New Zealand shares edged up to a new five-year high as rural services company PGG Wrightson continued its ascent and Air NZ confirmed its guidance for a jump in full-year earnings.
The NZX 50 Index rose 2.54 points, or 0.1 percent, to 4012.15, the highest close since January 3, 2008. Within the index, 24 stocks rose, 17 fell and nine were unchanged. Turnover was $85.7 million.
Wrightson rose 2.8 percent to 37 cents, a level it last reached on October 10.
Fonterra's unit were priced this week at the top end of the range.
Air NZ rose 2 percent to $1.27, matching its close of October 9 which was the highest since March 2011.
The company reiterated its target for full-year earnings to more than double, driven by a rebound in the first six months of the year.
Tourism Holdings, which merged its campervan rental business with two rivals last month, fell 1.4 percent to 73 cents after forecasting a first-half loss on costs of the transaction and changes to accounting treatment of its US fleet.
The net loss will be $500,000 to $1 million in the six months ended December 31, down from a year-earlier profit of $4.2 million, it said.
Sanford was unchanged at $4.45 after posting a 6.7 percent drop in full-year profit after it took charges on restructuring its Coromandel mussel farm and legal fees for its unsuccessful defence of claims it dumped waste oil off American Samoa.

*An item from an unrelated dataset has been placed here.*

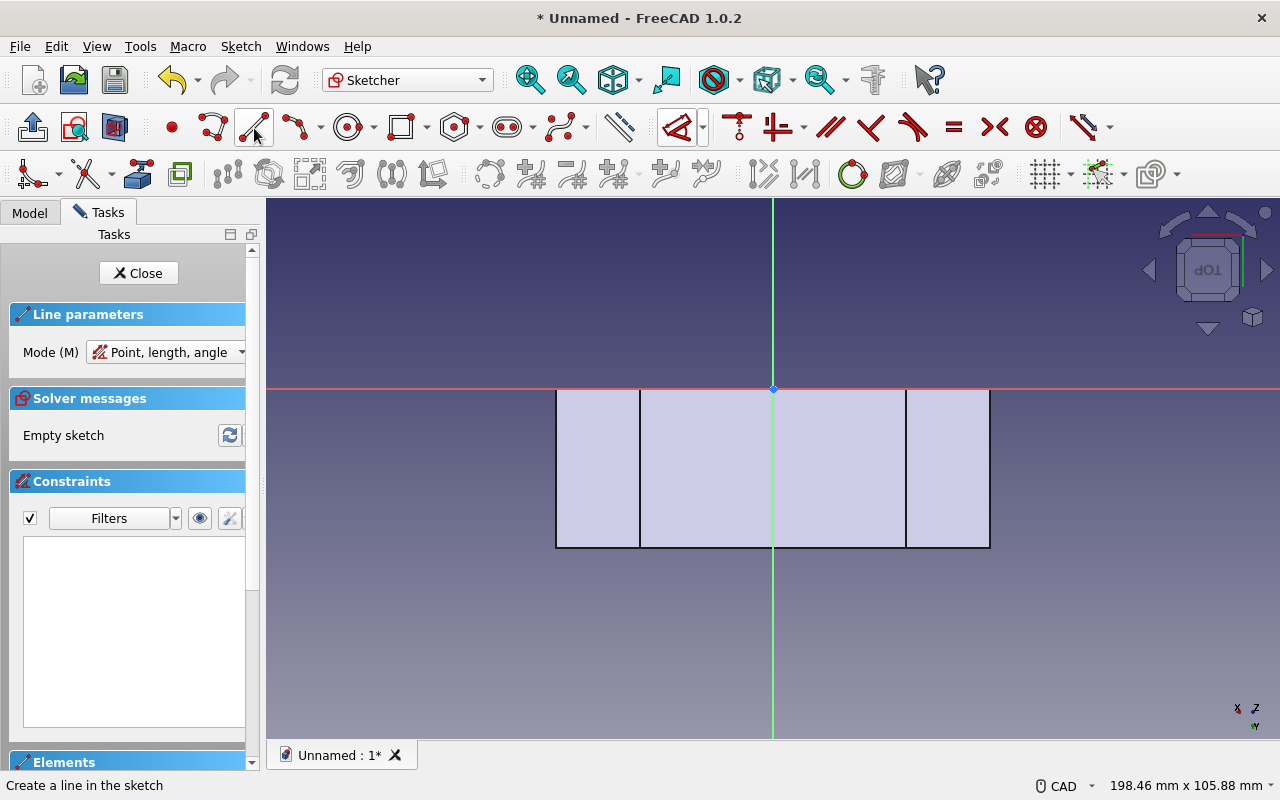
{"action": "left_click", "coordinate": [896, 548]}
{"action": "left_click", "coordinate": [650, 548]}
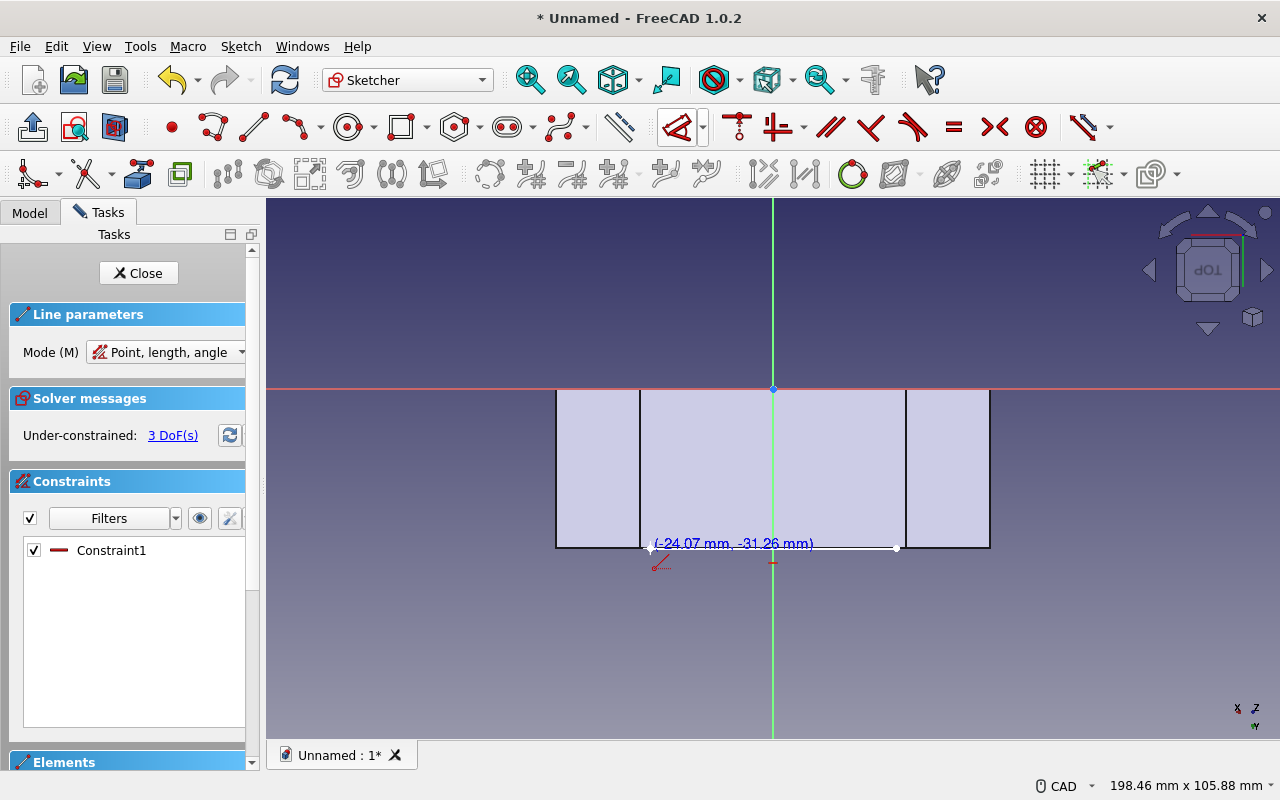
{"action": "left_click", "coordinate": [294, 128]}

A2 Corp rose 1.5 percent to 68 cents. The company indicated its capital structure is under review as the company considers growth opportunities.
The shares had been halted from trading pending a statement after a media report that it was seeking to raise as much as $200 million, which it denied.
Fletcher Building fell 1.6 percent to $7.85. Telecom rose 0.6 percent to $2.345,
Pumpkin Patch climbed 2.4 percent to $1.26 and Fisher & Paykel Healthcare rose 2.4 percent to $2.59.